The file module manages the existence, type, ownership, and permissions of filesystem objects. Its behaviour is entirely driven by the state parameter.

file module state values

directory Creates the directory and all intermediate parent directories — equivalent to mkdir -p. Idempotent — does nothing if already exists.
file Ensures a regular file exists and sets owner, group, mode. Does not create content — use copy or template for that. Use to update metadata on an existing file.
link Creates a symbolic link at path pointing to src. If the symlink already exists and points elsewhere, it is updated. Use for versioned application directories: /var/www/current pointing to a release.
touch Creates an empty file if it does not exist, or updates the modification timestamp if it does. Useful for creating lock files, marker files, or placeholder configs.
absent Removes the file, directory (recursively), or symlink at path. Idempotent — no error if the path does not exist.
- name: Create application directory tree
  ansible.builtin.file:
    path: "{{ item }}"
    state: directory
    owner: "{{ app_user }}"
    group: "{{ app_group }}"
    mode: "0755"
  loop:
    - /var/www/app
    - /var/www/app/releases
    - /var/www/app/shared
    - /var/log/app

- name: Create symlink for current release
  ansible.builtin.file:
    src: "/var/www/app/releases/{{ app_version }}"
    dest: /var/www/app/current
    state: link
    force: true        # replace symlink even if it already points elsewhere

- name: Remove stale lock file
  ansible.builtin.file:
    path: /tmp/app.lock
    state: absent      # idempotent — no error if already missing

The Property Manager Analogy

Think of the file module as a property manager maintaining a building to a specification. You describe what each room should look like — type, owner, permissions — and the manager makes it so. If the room already matches the spec, they leave it alone and report ok.

copy and fetch

The copy module pushes content from the control node to managed nodes. fetch does the reverse — pulling files from managed nodes back to the control node.
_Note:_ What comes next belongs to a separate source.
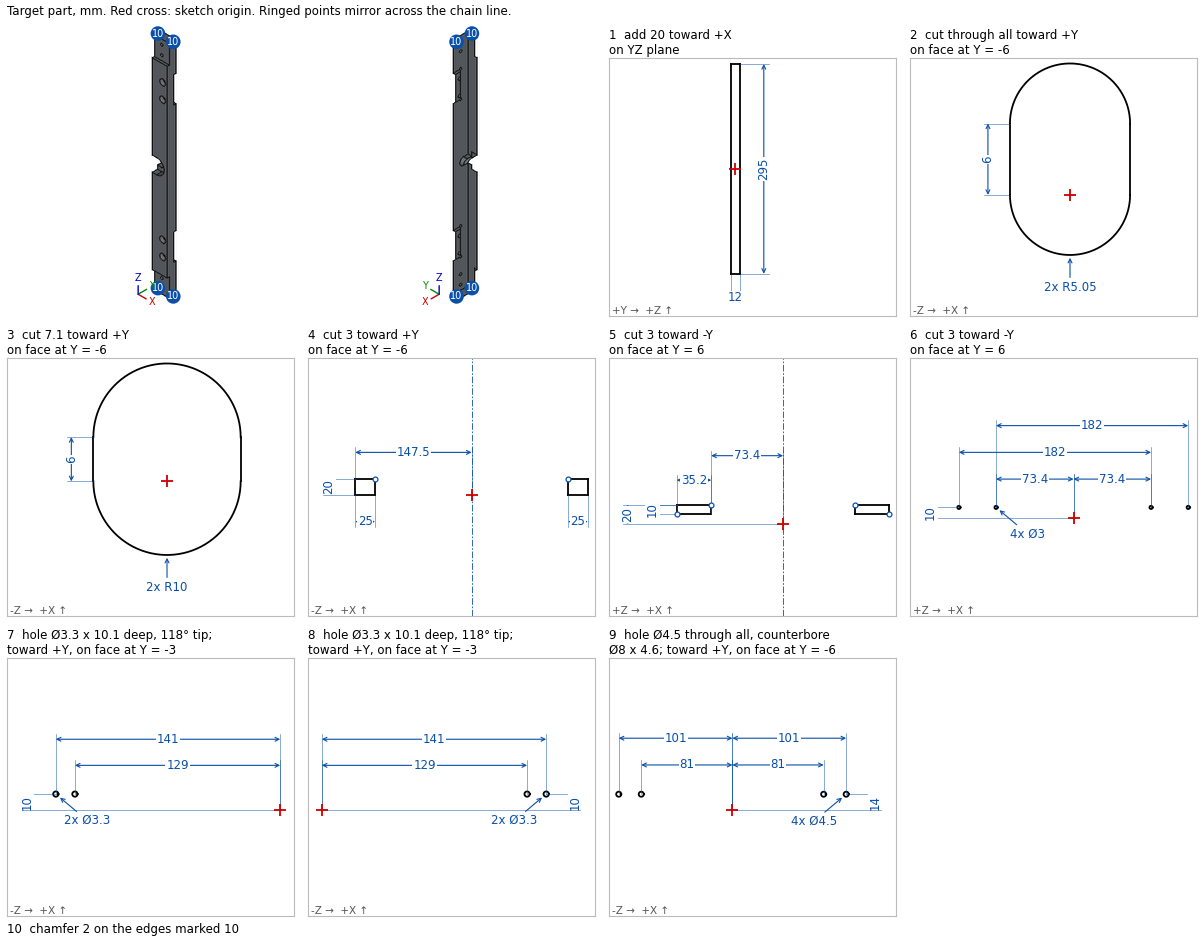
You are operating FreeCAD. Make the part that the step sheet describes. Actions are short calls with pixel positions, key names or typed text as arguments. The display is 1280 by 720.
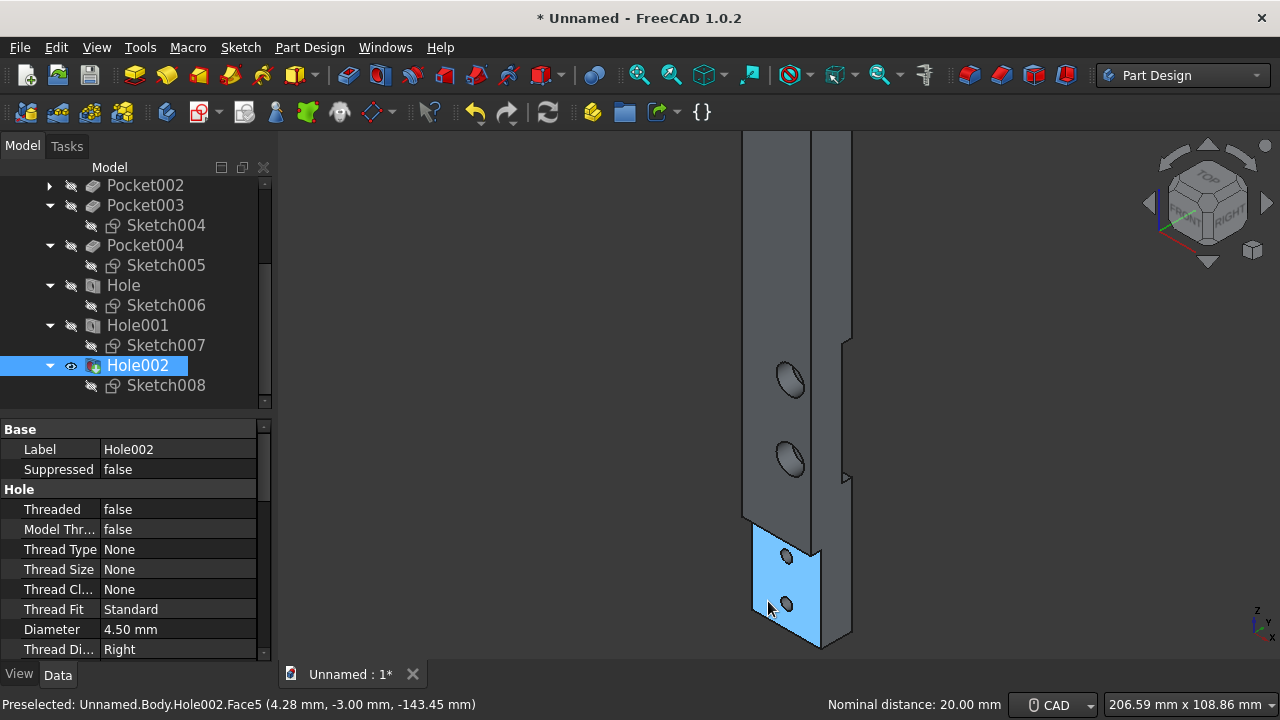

ansible.builtin.copy — push files to managed nodes

# Push a file from the control node
- name: Deploy application config
  ansible.builtin.copy:
    src: files/app.conf
    dest: /etc/app/app.conf
    owner: "{{ app_user }}"
    mode: "0640"
    backup: true           # preserve previous version as app.conf.TIMESTAMP

# Write inline content directly
- name: Create motd banner
  ansible.builtin.copy:
    content: |
      ############################################
      # Managed by Ansible — do not edit manually
      # Host: {{ inventory_hostname }}
      ############################################
    dest: /etc/motd
    mode: "0644"

# Copy on the managed node itself (no control node involved)
- name: Back up config before modifying
  ansible.builtin.copy:
    src: /etc/app/app.conf
    dest: /etc/app/app.conf.bak
    remote_src: true       # src is on the managed node, not the control node

ansible.builtin.fetch — pull files from managed nodes

# Pull error log from every node to the control node
- name: Fetch application error log for analysis
  ansible.builtin.fetch:
    src: /var/log/app/error.log
    dest: ./fetched_logs/    # saves to ./fetched_logs/hostname/var/log/app/error.log
    flat: false              # default — preserve full path under dest/hostname/

# flat: true — save directly to the dest path
- name: Fetch SSL certificate for inspection
  ansible.builtin.fetch:
    src: /etc/ssl/certs/app.crt
    dest: "./certs/{{ inventory_hostname }}.crt"
    flat: true
# Files collected after fetch with flat: false across three nodes:
./fetched_logs/
├── web01.example.com/var/log/app/error.log
├── web02.example.com/var/log/app/error.log
└── web03.example.com/var/log/app/error.log

lineinfile and blockinfile

When you cannot replace an entire config file — because it is shared or managed by another tool — use lineinfile to manage individual lines or blockinfile to manage multi-line sections. Both are idempotent.

lineinfile
Manages a single line in a file
Finds a line by regex and replaces or removes it
Best for key=value config lines, SSH directives, PATH entries
blockinfile
Manages a multi-line block in a file
Wraps the block with marker comments to identify it
Best for SSH config stanzas, sudoers entries, cron blocks
# lineinfile — disable SSH root login
- name: Disable SSH root login
  ansible.builtin.lineinfile:
    path: /etc/ssh/sshd_config
    regexp: "^PermitRootLogin"
    line: "PermitRootLogin no"
    state: present
    backup: true
  notify: Restart SSH

# lineinfile — safe sudoers edit with validation
- name: Grant deploy user passwordless sudo
  ansible.builtin.lineinfile:
    path: /etc/sudoers
    line: "deploy ALL=(ALL) NOPASSWD: ALL"
    validate: "visudo -cf %s"      # validate BEFORE writing — prevents lockout!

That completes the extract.